§ **WORK ORDER**
Print every entry again exactly, with no pictures.

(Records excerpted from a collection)
· · · · · · ·

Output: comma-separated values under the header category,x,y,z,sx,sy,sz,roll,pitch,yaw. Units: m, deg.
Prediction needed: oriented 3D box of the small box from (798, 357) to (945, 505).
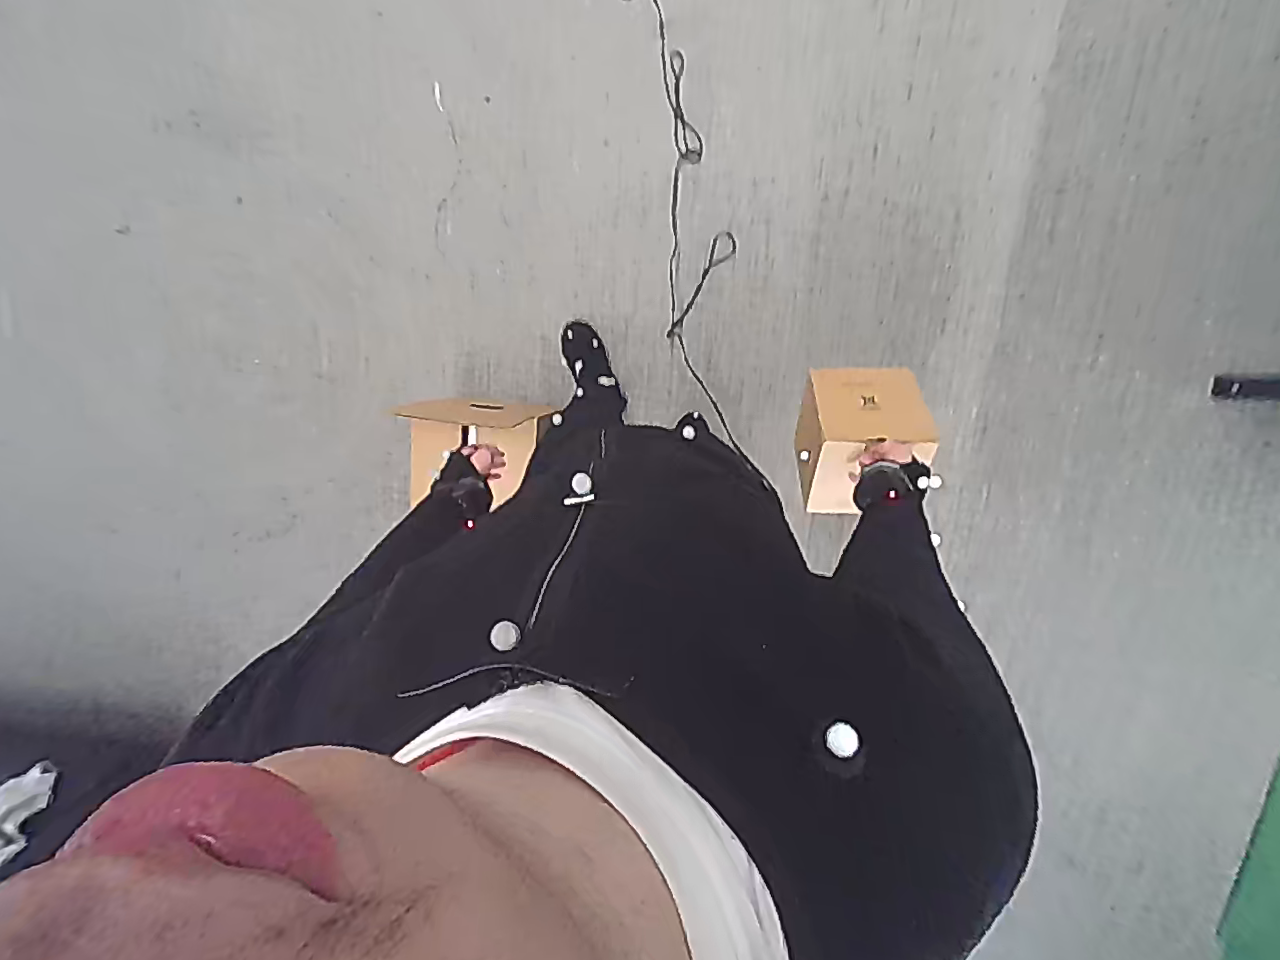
category,x,y,z,sx,sy,sz,roll,pitch,yaw
small box,0.358,-0.077,0.876,0.168,0.179,0.176,4,138,5
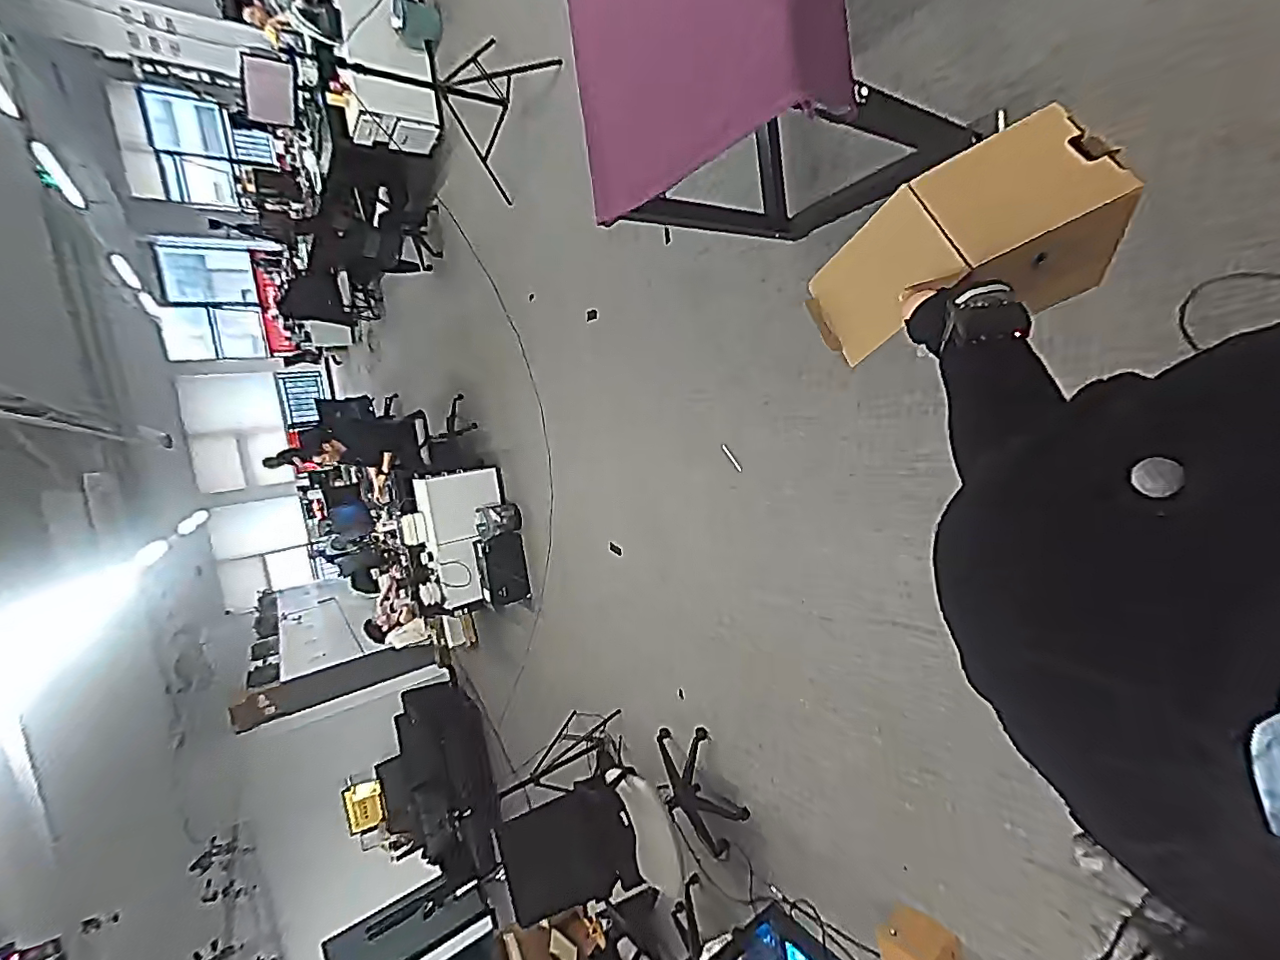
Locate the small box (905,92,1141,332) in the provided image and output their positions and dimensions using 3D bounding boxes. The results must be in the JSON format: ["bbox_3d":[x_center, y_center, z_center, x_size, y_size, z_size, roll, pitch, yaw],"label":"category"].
[{"bbox_3d":[0.459,-0.320,0.682,0.179,0.176,0.168,-24,63,18],"label":"small box"}]
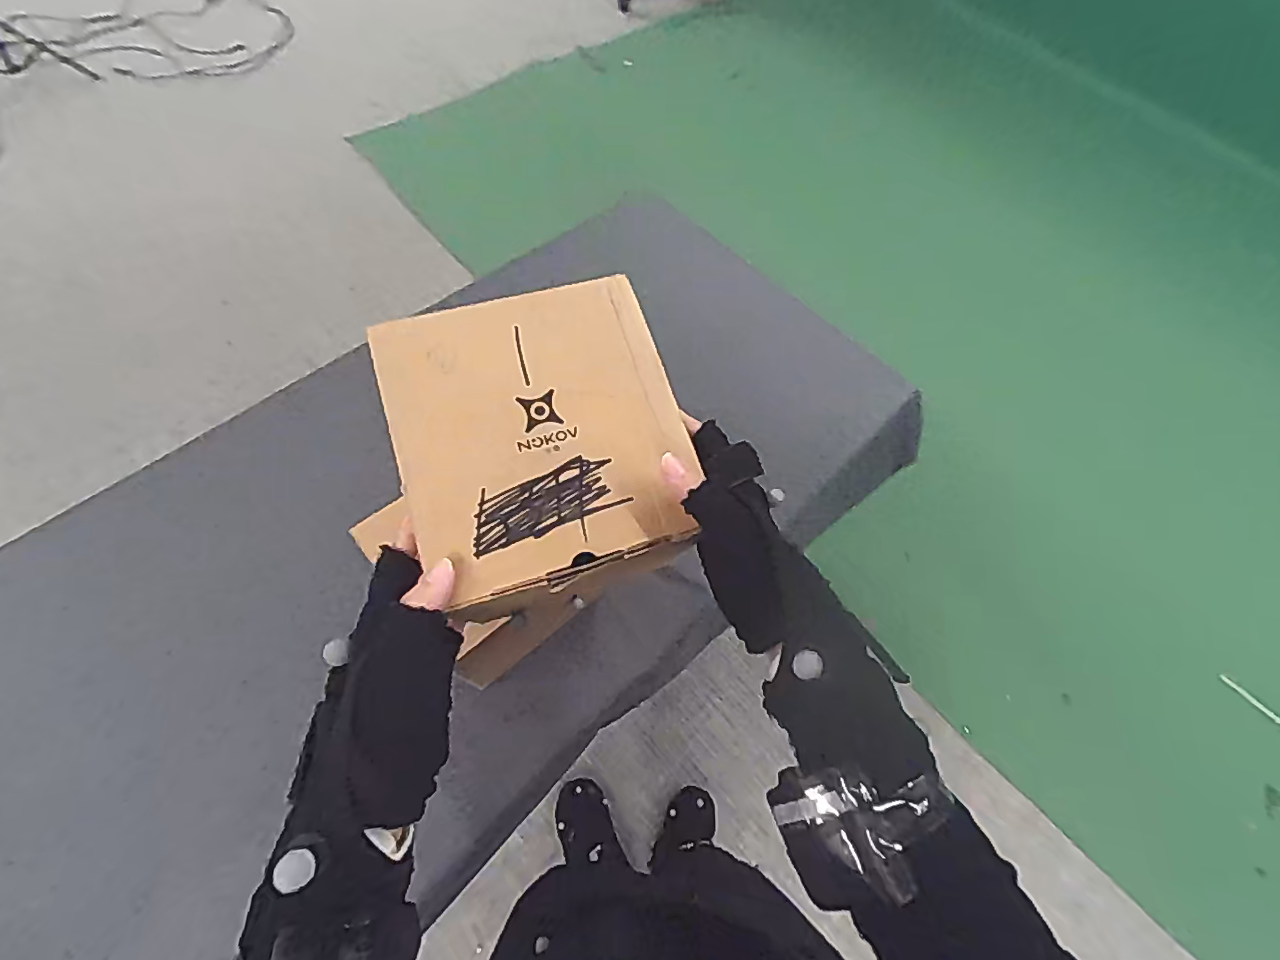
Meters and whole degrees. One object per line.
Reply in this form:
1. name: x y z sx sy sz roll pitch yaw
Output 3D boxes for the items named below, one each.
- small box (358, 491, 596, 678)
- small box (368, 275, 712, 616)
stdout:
1. small box: -0.159 0.089 0.590 0.179 0.176 0.168 -37 71 -20
2. small box: -0.068 -0.012 0.399 0.168 0.176 0.179 -19 79 -12
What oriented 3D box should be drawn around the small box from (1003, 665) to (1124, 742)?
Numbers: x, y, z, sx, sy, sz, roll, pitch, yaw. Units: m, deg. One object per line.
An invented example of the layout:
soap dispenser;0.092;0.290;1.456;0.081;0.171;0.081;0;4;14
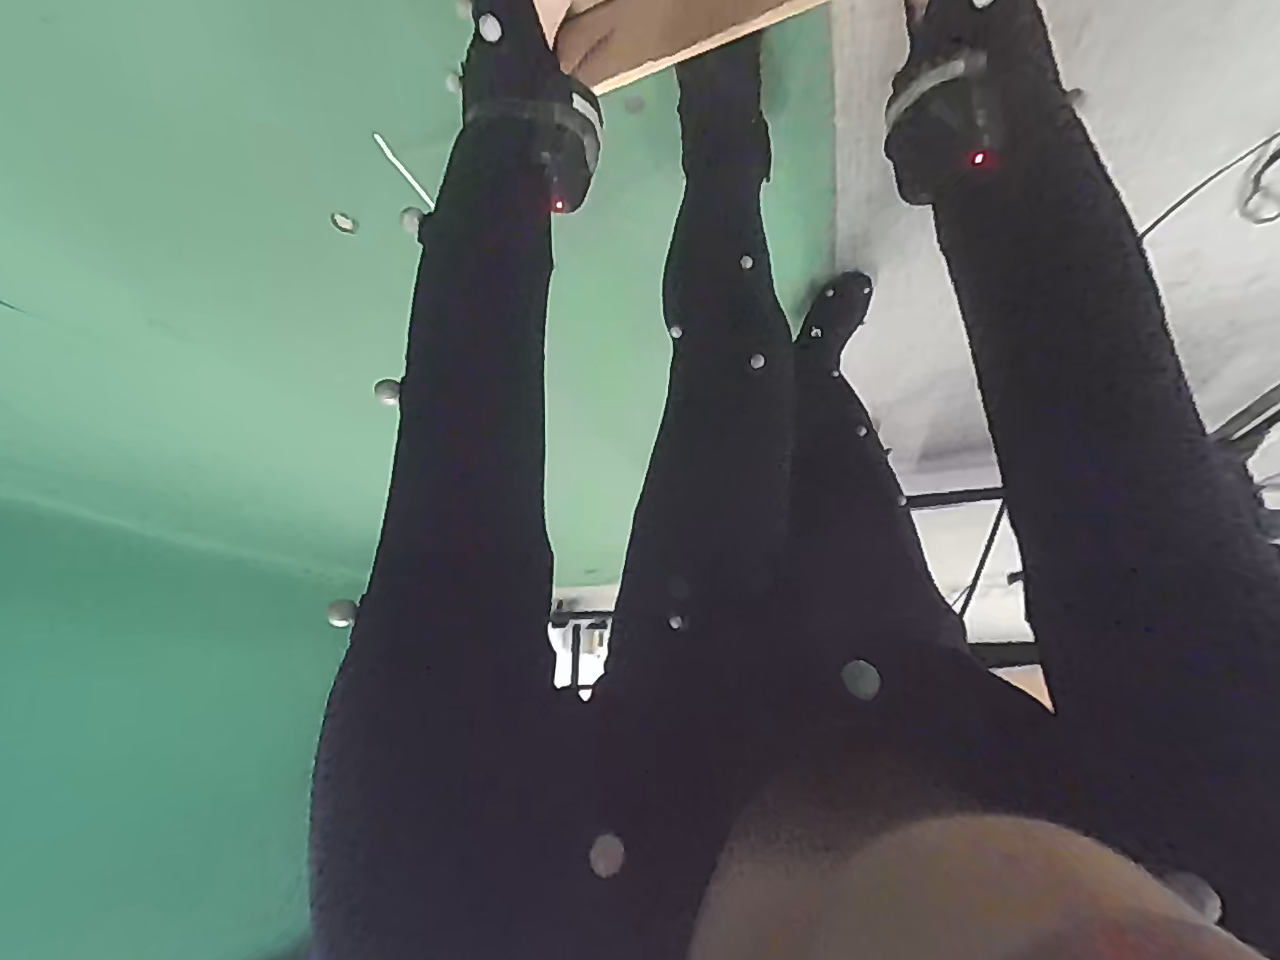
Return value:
small box;1.056;0.564;1.370;0.168;0.176;0.179;-3;158;4
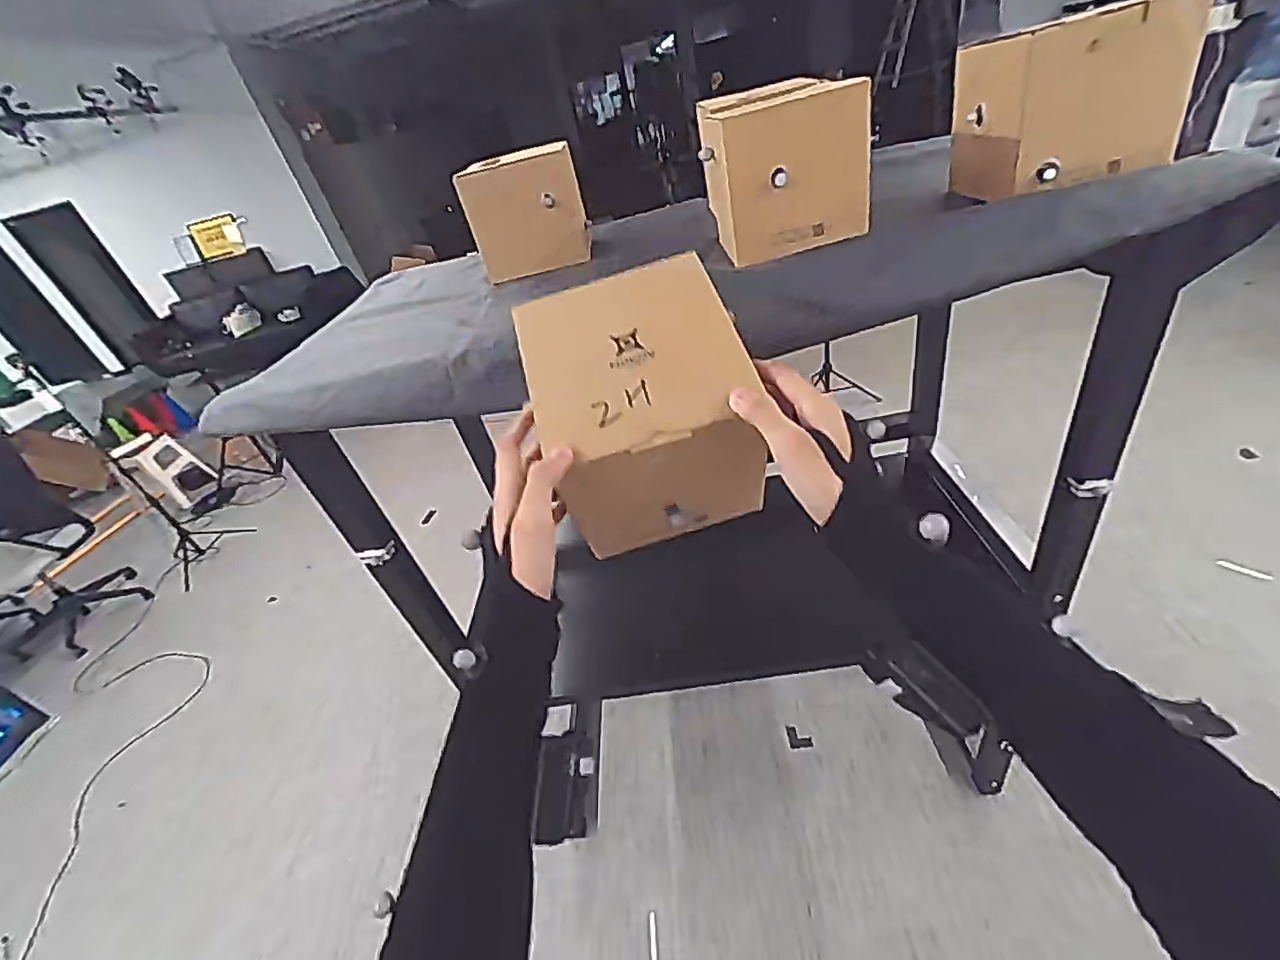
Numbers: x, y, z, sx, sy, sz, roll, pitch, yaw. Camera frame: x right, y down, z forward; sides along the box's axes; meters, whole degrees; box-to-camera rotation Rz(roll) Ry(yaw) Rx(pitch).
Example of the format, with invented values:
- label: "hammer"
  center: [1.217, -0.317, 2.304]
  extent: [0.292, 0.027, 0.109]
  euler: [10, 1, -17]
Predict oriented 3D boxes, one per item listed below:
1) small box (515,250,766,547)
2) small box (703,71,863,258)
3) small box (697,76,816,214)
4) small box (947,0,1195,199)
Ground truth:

· · · · · · ·

§ **RESULT OF THIS TASK**
Output: comma-separated values under the header category,x,y,z,sx,sy,sz,roll,pitch,yaw. Units: m, deg.
Prediction needed: oriented 3D box of the small box from (798, 357) to (945, 505).
category,x,y,z,sx,sy,sz,roll,pitch,yaw
small box,0.358,-0.077,0.876,0.168,0.179,0.176,4,138,5
Locate the small box (905,92,1141,332) in the provided image and output their positions and dimensions using 3D bounding boxes. The results must be in the JSON format: ["bbox_3d":[x_center, y_center, z_center, x_size, y_size, z_size, roll, pitch, yaw],"label":"category"].
[{"bbox_3d":[0.459,-0.320,0.682,0.179,0.176,0.168,-24,63,18],"label":"small box"}]
Meters and whole degrees. One object per line.
Reply in this form:
1. name: x y z sx sy sz roll pitch yaw
Output 3D boxes for the items named below, one each.
- small box (358, 491, 596, 678)
- small box (368, 275, 712, 616)
stdout:
1. small box: -0.159 0.089 0.590 0.179 0.176 0.168 -37 71 -20
2. small box: -0.068 -0.012 0.399 0.168 0.176 0.179 -19 79 -12
What oriented 3D box should be drawn around the small box from (1003, 665) to (1124, 742)?
Numbers: x, y, z, sx, sy, sz, roll, pitch, yaw. Units: m, deg. One object per line.
An invented example of the layout:
soap dispenser;0.092;0.290;1.456;0.081;0.171;0.081;0;4;14
Return value:
small box;1.056;0.564;1.370;0.168;0.176;0.179;-3;158;4
Numbers: x, y, z, sx, sy, sz, roll, pitch, yaw. Camera frame: x right, y down, z forward; sides along the box's axes; meters, whole degrees; box-to-camera rotation Rz(roll) Ry(yaw) Rx(pitch).
Example of the format, with invented values:
- label: "hammer"
  center: [1.217, -0.317, 2.304]
  extent: [0.292, 0.027, 0.109]
  euler: [10, 1, -17]
Predict oriented 3D boxes, one per item listed below:
1) small box (515,250,766,547)
2) small box (703,71,863,258)
3) small box (697,76,816,214)
4) small box (947,0,1195,199)
Ground truth:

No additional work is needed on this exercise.